# Tire pressure for E30 at the track?



## PeteinMD (Apr 16, 2003)

I'll be at BeaveRun next weekend with my new to me 325i. What pressures are people using for track work? The car has new Toyo ?T1-S? (not sure of the order of numbers/letters, but they are new...

Car has SA koni's, RD sways, HR springs,+ other items that won't be adjusted at the track.

TIA,

PeteinMD
'00 M coupe
'90 325i


----------



## Pinecone (Apr 3, 2002)

At least 40 all around to start. I am moving to even higher pressures for street tires and track/autcorss events.


----------



## PeteinMD (Apr 16, 2003)

Hm. When I track the coupe, I use 38 in the front, 36 in the rear, cold. They expand by 4 lbs uniformly after a track session, so I'm at 44/40.

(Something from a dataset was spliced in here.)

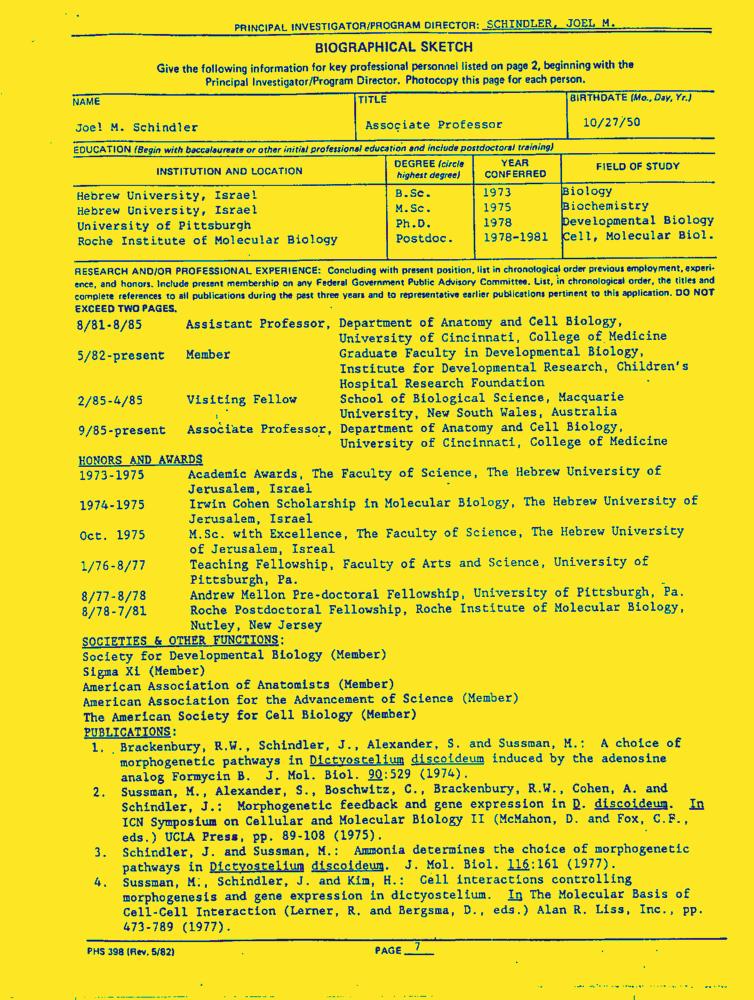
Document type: Resume-Doc

Do you believe that an E30 would require more pressure, cold? I'm thinking that it's lighter than the coupe & may not need even the same pressures.

Again, I don't know, just thinking out loud. Thanx for your input.

Best,

PeteinMD
'00 M coupe
'90 325i


----------



## Pinecone (Apr 3, 2002)

But probably smaller tires also? The pressure is a combo of tire air volume, tire construction, and weight of vehicle.

And like I said, most people seem to be running tire pressures lower than optimal.


----------